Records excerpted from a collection
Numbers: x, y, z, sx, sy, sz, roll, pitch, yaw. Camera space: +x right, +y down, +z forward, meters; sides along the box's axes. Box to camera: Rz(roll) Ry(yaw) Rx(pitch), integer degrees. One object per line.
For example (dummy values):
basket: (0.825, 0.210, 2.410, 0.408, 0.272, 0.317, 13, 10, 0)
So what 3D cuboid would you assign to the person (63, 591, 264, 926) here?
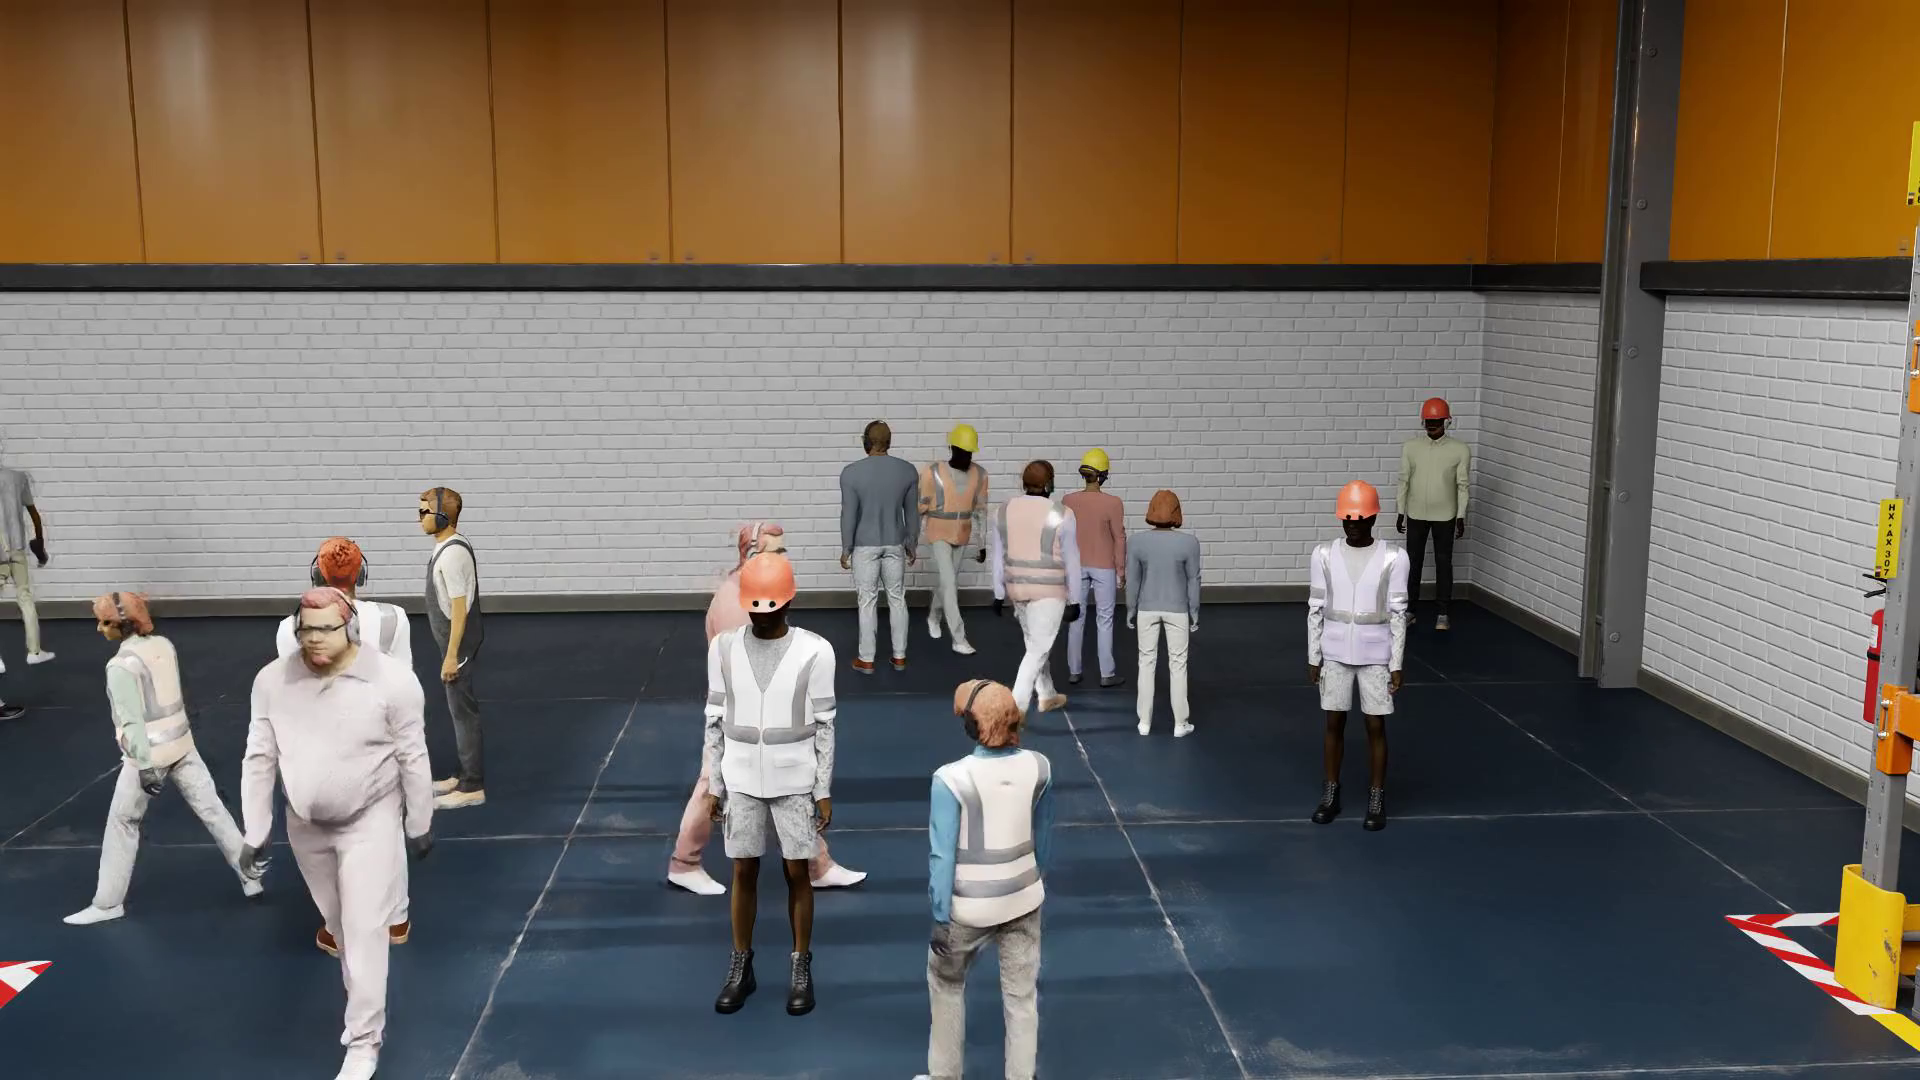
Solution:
person: (-3.747, 1.006, 7.836, 0.819, 1.584, 0.561, 1, 9, 4)

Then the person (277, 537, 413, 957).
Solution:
person: (-2.724, 0.919, 7.441, 0.572, 1.883, 0.356, -5, 11, -30)

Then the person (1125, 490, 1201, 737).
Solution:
person: (1.337, 0.483, 10.956, 0.498, 1.633, 0.287, 3, 9, 17)

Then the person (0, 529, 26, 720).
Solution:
person: (-6.707, 0.326, 11.352, 0.586, 1.825, 0.403, 8, 12, 40)

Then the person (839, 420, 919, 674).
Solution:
person: (-0.619, 0.052, 12.705, 0.636, 1.938, 0.358, -4, 10, -22)

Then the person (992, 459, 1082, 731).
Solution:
person: (0.509, 0.356, 11.243, 0.632, 1.807, 0.945, 6, 11, 33)

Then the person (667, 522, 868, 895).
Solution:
person: (-0.996, 0.837, 8.051, 0.986, 1.855, 0.648, 3, 9, 16)

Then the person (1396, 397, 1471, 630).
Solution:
person: (4.050, -0.228, 14.290, 0.611, 1.995, 0.380, 4, 10, 25)

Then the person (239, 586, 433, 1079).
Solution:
person: (-2.385, 1.108, 6.281, 0.656, 1.868, 0.904, 1, 9, 5)

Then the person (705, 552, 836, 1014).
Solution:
person: (-0.781, 0.995, 6.819, 0.543, 1.928, 0.374, 1, 9, 5)

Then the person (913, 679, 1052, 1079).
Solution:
person: (0.057, 1.282, 5.962, 0.547, 1.613, 0.648, -6, 11, -32)

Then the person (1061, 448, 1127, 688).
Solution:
person: (0.987, 0.206, 12.279, 0.523, 1.769, 0.315, 5, 10, 28)

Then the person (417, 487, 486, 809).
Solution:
person: (-2.897, 0.610, 9.501, 0.347, 1.846, 0.505, -3, 9, -16)

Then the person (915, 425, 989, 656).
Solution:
person: (-0.113, -0.041, 13.601, 0.625, 1.857, 1.001, -5, 10, -28)

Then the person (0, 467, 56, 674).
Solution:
person: (-7.359, 0.097, 12.770, 0.370, 1.841, 0.830, 5, 10, 27)

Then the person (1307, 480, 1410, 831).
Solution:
person: (2.164, 0.630, 9.116, 0.542, 1.933, 0.382, 4, 10, 24)

* INSTRUCTIONS FOR THE TASK *
Reproduce the data above word for word and omit the images.

* COMPLETED EXERCISE *
Numbers: x, y, z, sx, sy, sz, roll, pitch, yaw. Camera space: +x right, +y down, +z forward, meters; sides along the box's axes. Box to camera: Rz(roll) Ry(yaw) Rx(pitch), integer degrees. One object per line.
For example (dummy values):
basket: (0.825, 0.210, 2.410, 0.408, 0.272, 0.317, 13, 10, 0)
So what 3D cuboid would you assign to the person (63, 591, 264, 926) here?
Solution:
person: (-3.747, 1.006, 7.836, 0.819, 1.584, 0.561, 1, 9, 4)

Then the person (277, 537, 413, 957).
Solution:
person: (-2.724, 0.919, 7.441, 0.572, 1.883, 0.356, -5, 11, -30)

Then the person (1125, 490, 1201, 737).
Solution:
person: (1.337, 0.483, 10.956, 0.498, 1.633, 0.287, 3, 9, 17)

Then the person (0, 529, 26, 720).
Solution:
person: (-6.707, 0.326, 11.352, 0.586, 1.825, 0.403, 8, 12, 40)

Then the person (839, 420, 919, 674).
Solution:
person: (-0.619, 0.052, 12.705, 0.636, 1.938, 0.358, -4, 10, -22)

Then the person (992, 459, 1082, 731).
Solution:
person: (0.509, 0.356, 11.243, 0.632, 1.807, 0.945, 6, 11, 33)

Then the person (667, 522, 868, 895).
Solution:
person: (-0.996, 0.837, 8.051, 0.986, 1.855, 0.648, 3, 9, 16)

Then the person (1396, 397, 1471, 630).
Solution:
person: (4.050, -0.228, 14.290, 0.611, 1.995, 0.380, 4, 10, 25)

Then the person (239, 586, 433, 1079).
Solution:
person: (-2.385, 1.108, 6.281, 0.656, 1.868, 0.904, 1, 9, 5)

Then the person (705, 552, 836, 1014).
Solution:
person: (-0.781, 0.995, 6.819, 0.543, 1.928, 0.374, 1, 9, 5)

Then the person (913, 679, 1052, 1079).
Solution:
person: (0.057, 1.282, 5.962, 0.547, 1.613, 0.648, -6, 11, -32)

Then the person (1061, 448, 1127, 688).
Solution:
person: (0.987, 0.206, 12.279, 0.523, 1.769, 0.315, 5, 10, 28)

Then the person (417, 487, 486, 809).
Solution:
person: (-2.897, 0.610, 9.501, 0.347, 1.846, 0.505, -3, 9, -16)

Then the person (915, 425, 989, 656).
Solution:
person: (-0.113, -0.041, 13.601, 0.625, 1.857, 1.001, -5, 10, -28)

Then the person (0, 467, 56, 674).
Solution:
person: (-7.359, 0.097, 12.770, 0.370, 1.841, 0.830, 5, 10, 27)

Then the person (1307, 480, 1410, 831).
Solution:
person: (2.164, 0.630, 9.116, 0.542, 1.933, 0.382, 4, 10, 24)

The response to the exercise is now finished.